# First egg!



## bcfox26 (Jul 11, 2013)

I went out to check on the chickens for the evening and refresh their water and found an egg! It was not in the nesting box but I know they have been messing with then because they threw the golf balls out I had in there as a hint. Ha. These are my first set of chickens and I thought one was getting close. Yay. Yes I'm obnoxiously excited about an egg. Lol my son was excited too.


----------



## GenFoe (Apr 3, 2013)

Yay congratulations!! I was crazy excited about our first egg too. We blew it out and kept it 

We got 2 eggs yesterday but nothing today.

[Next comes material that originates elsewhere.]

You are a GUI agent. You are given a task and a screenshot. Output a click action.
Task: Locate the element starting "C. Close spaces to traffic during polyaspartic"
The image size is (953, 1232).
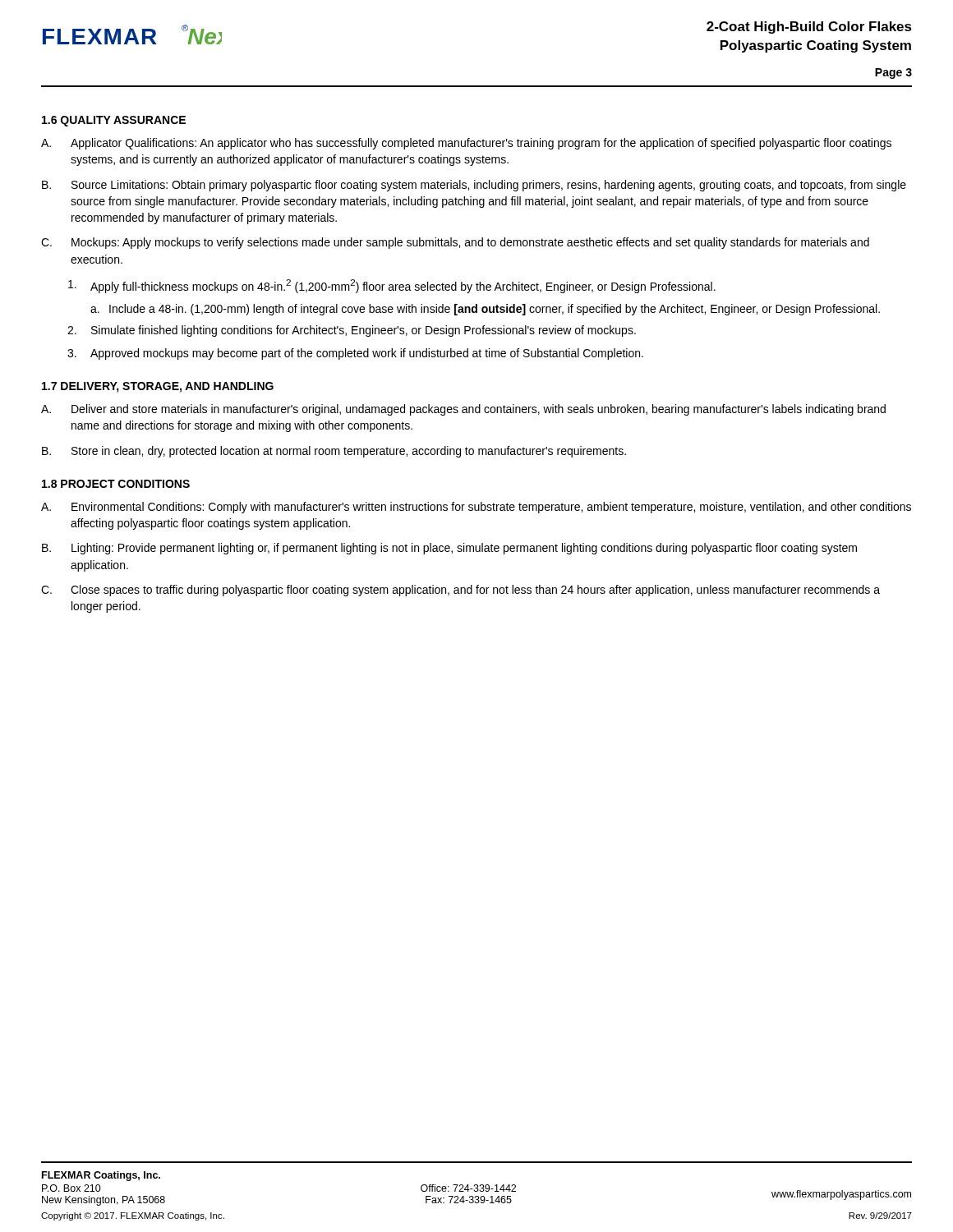pos(476,598)

Our girls are slowly working their way up!


----------



## GenFoe (Apr 3, 2013)

My oldest daughter is 5 and she's thinks its the greatest thing ever to go looking for the eggs too!


----------



## 7chicks (Jun 29, 2012)

Those first eggs are so eggciting. I had blown mine out too and kept them ... However, Izzabelle discovered them (my rat terrier I had) and well, she broke them. She'd steal the eggs when I'd bring them in and set them down. Come back inside a short bit later and they were gone!  What I exclaimed "where did my eggs go?" I saw a set of ears go down. She had carefully taken them and set them in her bed on the couch.


----------



## kjohnstone (Mar 30, 2013)

GenFoe said:


> My oldest daughter is 5 and she's thinks its the greatest thing ever to go looking for the eggs too!


It's like Easter every day!


----------



## bcfox26 (Jul 11, 2013)

It's funny my son has shown everyone today that has come by our house the lonely little egg. He's so proud like he did it or something. Love it


----------



## jennifer (May 14, 2013)

Bcfox! He's adorable! Isn't it fun. I think it's great he's involved with the hens. He will remember it for years and years.


----------



## bcfox26 (Jul 11, 2013)

jennifer said:


> Bcfox! He's adorable! Isn't it fun. I think it's great he's involved with the hens. He will remember it for years and years.


Thank you! I think he is too. We got our second egg today and he was so excited he dropped it. He almost cried till I told him we could just take it in a d immediately cook it for him. It was severely cracked but it lasted to the bowl. So we did. He scarfed his scrambled eggs down! Cuteness. They were beautifully dark yolks and so cute and tiny still.


----------